* _WHAT THE TASK REQUIRES_
Would you transcribe the entries below word for word, omitting all images?

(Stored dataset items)
|---|

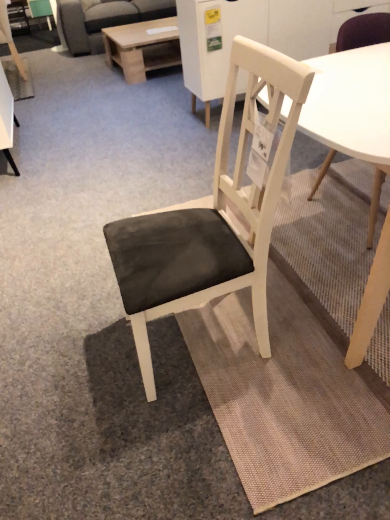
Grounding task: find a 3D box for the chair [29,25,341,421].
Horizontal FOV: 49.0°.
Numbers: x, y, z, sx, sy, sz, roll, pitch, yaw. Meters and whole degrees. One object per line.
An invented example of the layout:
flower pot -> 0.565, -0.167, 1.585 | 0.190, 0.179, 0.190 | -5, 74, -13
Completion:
chair -> -0.034, -0.096, 1.195 | 0.561, 0.855, 0.512 | -15, 39, -10

|---|

* _RESPONSE AREA_
Grounding task: find a 3D box for the chair [29,25,341,421].
Horizontal FOV: 49.0°.
Numbers: x, y, z, sx, sy, sz, roll, pitch, yaw. Meters and whole degrees. One object per line.
An invented example of the layout:
flower pot -> 0.565, -0.167, 1.585 | 0.190, 0.179, 0.190 | -5, 74, -13
Completion:
chair -> -0.034, -0.096, 1.195 | 0.561, 0.855, 0.512 | -15, 39, -10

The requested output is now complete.